ABOUT THIS EXERCISE –
After finding "Formatted like this" in the material below, output its line and every line after it through the last, exactly, but not the pictures.

RECORDED INFORMATION –
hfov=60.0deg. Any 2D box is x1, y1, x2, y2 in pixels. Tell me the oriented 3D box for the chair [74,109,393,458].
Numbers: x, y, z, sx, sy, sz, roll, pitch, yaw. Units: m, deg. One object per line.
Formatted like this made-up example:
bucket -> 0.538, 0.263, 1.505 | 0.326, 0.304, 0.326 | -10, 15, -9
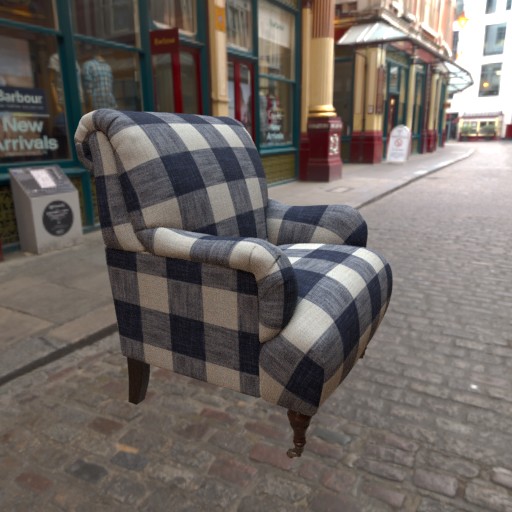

OUTPUT FOR THIS TASK –
Formatted like this made-up example:
bucket -> 0.538, 0.263, 1.505 | 0.326, 0.304, 0.326 | -10, 15, -9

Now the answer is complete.